INFORMATION GIVEN:
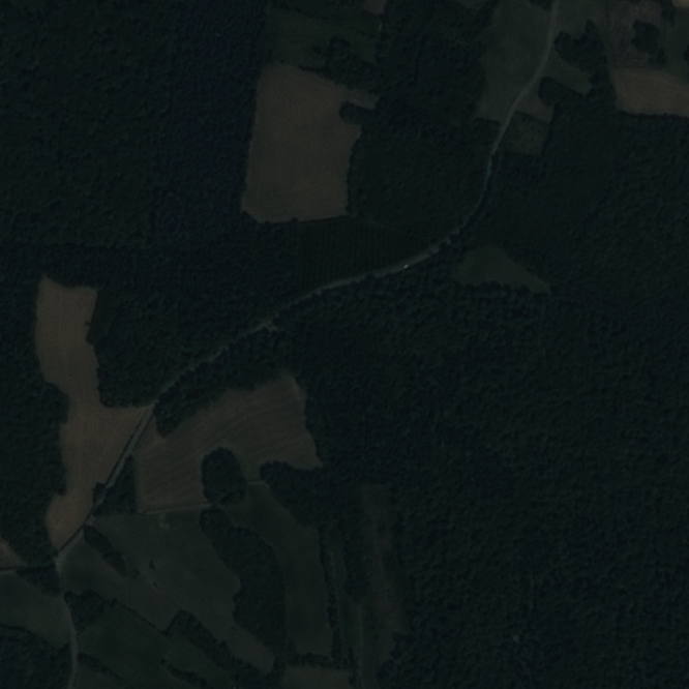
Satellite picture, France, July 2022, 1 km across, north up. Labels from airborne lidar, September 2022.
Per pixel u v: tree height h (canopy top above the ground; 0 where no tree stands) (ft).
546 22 0
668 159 50
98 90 65
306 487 66
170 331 65
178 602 0
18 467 57
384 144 52
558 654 51
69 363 0
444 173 59
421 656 58
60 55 82
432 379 43
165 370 65
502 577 55
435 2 53
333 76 61
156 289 62
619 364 58
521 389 69
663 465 73
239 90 59
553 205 40
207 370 62
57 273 51
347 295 66
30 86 75
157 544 0
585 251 57
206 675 0
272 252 56
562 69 0
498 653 61
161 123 52
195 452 0
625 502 67
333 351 59
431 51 46
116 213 65
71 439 0
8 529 58
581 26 0
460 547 55
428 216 33
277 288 52
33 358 57
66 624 0
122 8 71
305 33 0
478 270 0
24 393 50
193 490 0
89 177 70
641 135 51
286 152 0
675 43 0
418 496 65
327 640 0
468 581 55
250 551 48
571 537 39
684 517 52
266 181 0
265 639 47
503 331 47
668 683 50
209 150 65
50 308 0
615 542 67
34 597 0
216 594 0
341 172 0
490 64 0
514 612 56
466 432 45
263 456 0
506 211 37
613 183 54
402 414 52
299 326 61
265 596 55
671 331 60
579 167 35
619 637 60
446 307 71
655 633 43
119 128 65
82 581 0
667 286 50
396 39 33
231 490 63
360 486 66
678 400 66
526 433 57
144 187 68
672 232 59
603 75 54
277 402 0
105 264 58
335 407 61
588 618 51
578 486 58
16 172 69
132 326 68
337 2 51
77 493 0
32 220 59
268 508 0
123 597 0
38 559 41
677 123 53
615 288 53
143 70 71
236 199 60
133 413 0
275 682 43
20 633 28
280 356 58
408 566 69
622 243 60
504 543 53
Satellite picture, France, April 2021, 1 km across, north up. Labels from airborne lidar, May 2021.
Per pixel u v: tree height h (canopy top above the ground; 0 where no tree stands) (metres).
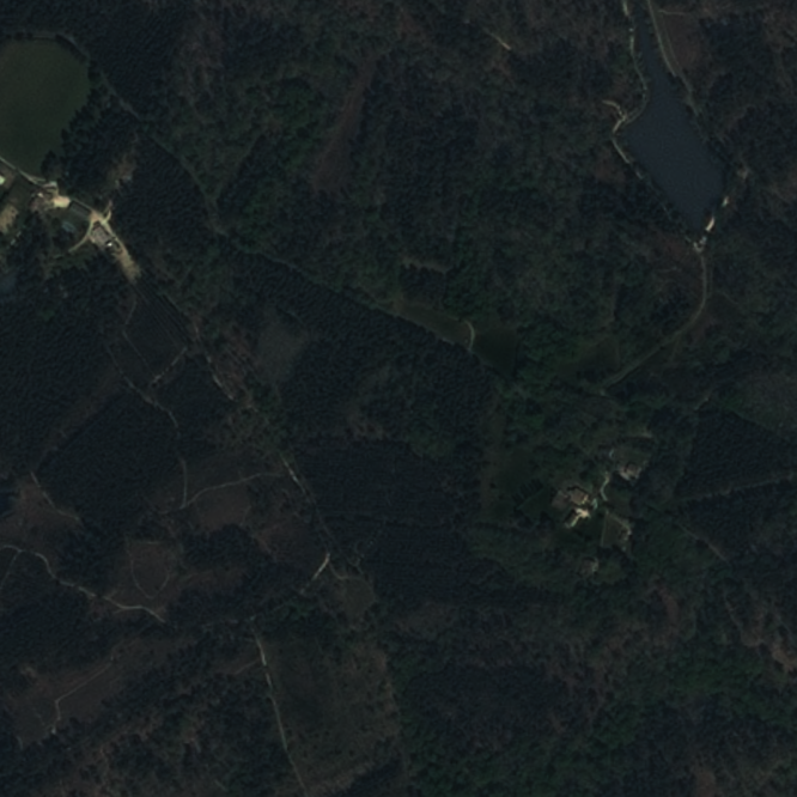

EXERCISE BRIEF: Skip every picture and return the lines above from the top through the one that contains "Satellite picture, France, April".

REPLY TO THE EXERCISE:
Satellite picture, France, July 2022, 1 km across, north up. Labels from airborne lidar, September 2022.
Per pixel u v: tree height h (canopy top above the ground; 0 where no tree stands) (ft).
546 22 0
668 159 50
98 90 65
306 487 66
170 331 65
178 602 0
18 467 57
384 144 52
558 654 51
69 363 0
444 173 59
421 656 58
60 55 82
432 379 43
165 370 65
502 577 55
435 2 53
333 76 61
156 289 62
619 364 58
521 389 69
663 465 73
239 90 59
553 205 40
207 370 62
57 273 51
347 295 66
30 86 75
157 544 0
585 251 57
206 675 0
272 252 56
562 69 0
498 653 61
161 123 52
195 452 0
625 502 67
333 351 59
431 51 46
116 213 65
71 439 0
8 529 58
581 26 0
460 547 55
428 216 33
277 288 52
33 358 57
66 624 0
122 8 71
305 33 0
478 270 0
24 393 50
193 490 0
89 177 70
641 135 51
286 152 0
675 43 0
418 496 65
327 640 0
468 581 55
250 551 48
571 537 39
684 517 52
266 181 0
265 639 47
503 331 47
668 683 50
209 150 65
50 308 0
615 542 67
34 597 0
216 594 0
341 172 0
490 64 0
514 612 56
466 432 45
263 456 0
506 211 37
613 183 54
402 414 52
299 326 61
265 596 55
671 331 60
579 167 35
619 637 60
446 307 71
655 633 43
119 128 65
82 581 0
667 286 50
396 39 33
231 490 63
360 486 66
678 400 66
526 433 57
144 187 68
672 232 59
603 75 54
277 402 0
105 264 58
335 407 61
588 618 51
578 486 58
16 172 69
132 326 68
337 2 51
77 493 0
32 220 59
268 508 0
123 597 0
38 559 41
677 123 53
615 288 53
143 70 71
236 199 60
133 413 0
275 682 43
20 633 28
280 356 58
408 566 69
622 243 60
504 543 53
Satellite picture, France, April 2021, 1 km across, north up. Labels from airborne lidar, May 2021.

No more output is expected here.